The listing below contains a span that opens with the line containing "Position, size, orientation." and closes with the line containing "1) person (160,309,207,449)". Return that span exactly.

*** Excerpted data ***

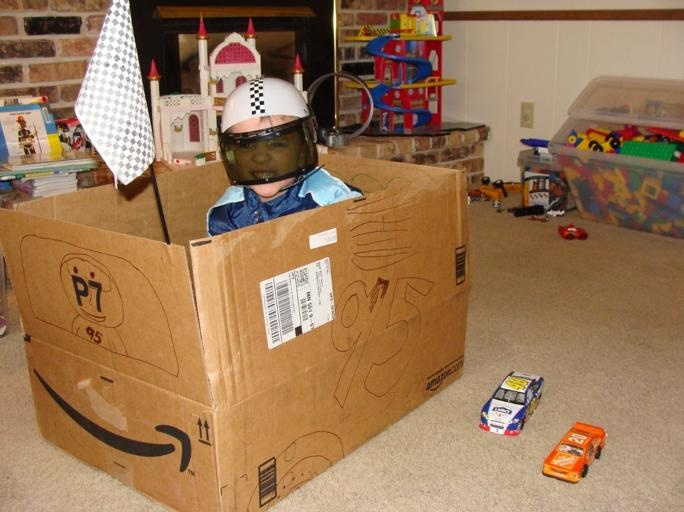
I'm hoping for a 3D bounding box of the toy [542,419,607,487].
[{"bbox_3d":[0.564,0.457,1.442,0.087,0.051,0.165,10,32,37],"label":"toy"}]

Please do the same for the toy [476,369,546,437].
[{"bbox_3d":[0.448,0.388,1.582,0.108,0.078,0.233,15,30,30],"label":"toy"}]
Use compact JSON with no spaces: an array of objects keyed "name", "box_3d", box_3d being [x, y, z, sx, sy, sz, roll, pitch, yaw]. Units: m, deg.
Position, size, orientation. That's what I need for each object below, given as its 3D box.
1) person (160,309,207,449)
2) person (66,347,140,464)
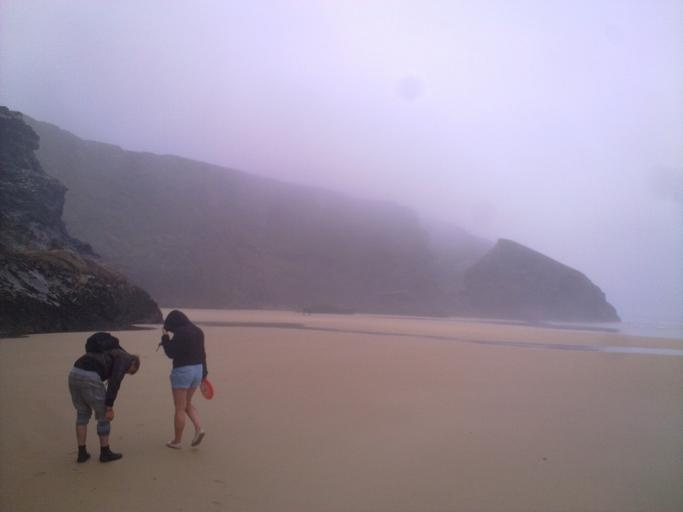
[{"name":"person","box_3d":[-2.375,1.853,8.322,0.640,2.060,0.511,0,6,-15]},{"name":"person","box_3d":[-3.350,2.117,7.799,0.870,1.569,0.355,-2,7,-30]}]
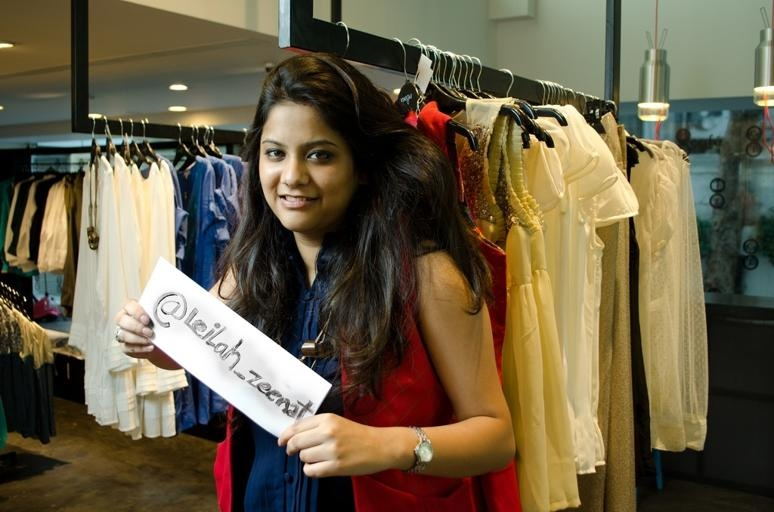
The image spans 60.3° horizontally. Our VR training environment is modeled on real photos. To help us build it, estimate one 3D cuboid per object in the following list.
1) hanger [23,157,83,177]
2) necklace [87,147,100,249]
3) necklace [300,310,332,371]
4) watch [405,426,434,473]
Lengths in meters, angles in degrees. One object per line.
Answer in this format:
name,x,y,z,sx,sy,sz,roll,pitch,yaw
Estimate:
hanger,-2.235,-0.606,4.521,0.331,0.109,0.302,-4,6,-32
necklace,-1.563,-0.313,3.560,0.069,0.562,0.158,-3,5,-23
necklace,-0.240,0.265,2.140,0.068,0.145,0.070,4,-11,-7
watch,0.099,0.578,1.978,0.071,0.026,0.073,-21,17,-26
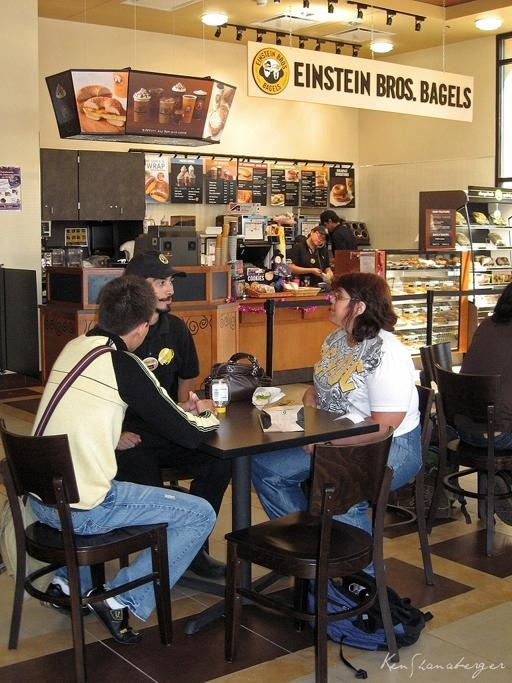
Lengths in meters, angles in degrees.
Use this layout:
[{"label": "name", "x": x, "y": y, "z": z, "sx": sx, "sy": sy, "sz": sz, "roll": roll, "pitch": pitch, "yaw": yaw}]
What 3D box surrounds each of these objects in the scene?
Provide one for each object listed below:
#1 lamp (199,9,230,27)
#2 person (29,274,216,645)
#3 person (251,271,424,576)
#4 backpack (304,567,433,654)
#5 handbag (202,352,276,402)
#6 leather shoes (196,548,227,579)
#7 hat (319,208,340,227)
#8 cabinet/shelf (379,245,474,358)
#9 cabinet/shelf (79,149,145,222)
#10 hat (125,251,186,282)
[{"label": "lamp", "x": -0.582, "y": -4.394, "z": 7.763, "sx": 0.334, "sy": 0.073, "sz": 0.328, "roll": 3, "pitch": 9, "yaw": 19}, {"label": "person", "x": -0.418, "y": 0.425, "z": 1.798, "sx": 0.407, "sy": 1.240, "sz": 0.587, "roll": 6, "pitch": 11, "yaw": 44}, {"label": "person", "x": 0.301, "y": 0.272, "z": 2.340, "sx": 0.690, "sy": 1.080, "sz": 0.602, "roll": -3, "pitch": 6, "yaw": -15}, {"label": "backpack", "x": 0.362, "y": 0.840, "z": 1.888, "sx": 0.346, "sy": 0.114, "sz": 0.282, "roll": 4, "pitch": 6, "yaw": 19}, {"label": "handbag", "x": -0.076, "y": 0.150, "z": 2.570, "sx": 0.378, "sy": 0.244, "sz": 0.200, "roll": 0, "pitch": 1, "yaw": -37}, {"label": "leather shoes", "x": -0.200, "y": 0.959, "z": 2.492, "sx": 0.163, "sy": 0.144, "sz": 0.082, "roll": -1, "pitch": 4, "yaw": 6}, {"label": "hat", "x": 1.087, "y": -1.814, "z": 8.415, "sx": 0.277, "sy": 0.248, "sz": 0.274, "roll": 0, "pitch": 8, "yaw": 10}, {"label": "cabinet/shelf", "x": 1.791, "y": -0.485, "z": 6.013, "sx": 1.475, "sy": 1.281, "sz": 0.508, "roll": -5, "pitch": 6, "yaw": -42}, {"label": "cabinet/shelf", "x": -2.071, "y": -2.213, "z": 8.136, "sx": 1.115, "sy": 0.974, "sz": 0.690, "roll": -3, "pitch": 5, "yaw": -37}, {"label": "hat", "x": -0.511, "y": -0.385, "z": 2.908, "sx": 0.267, "sy": 0.127, "sz": 0.166, "roll": 5, "pitch": 10, "yaw": 16}]

*** End of Excerpted data ***

• _Your response_
Position, size, orientation. That's what I need for each object below, given as its 3D box.
1) person (160,309,207,449)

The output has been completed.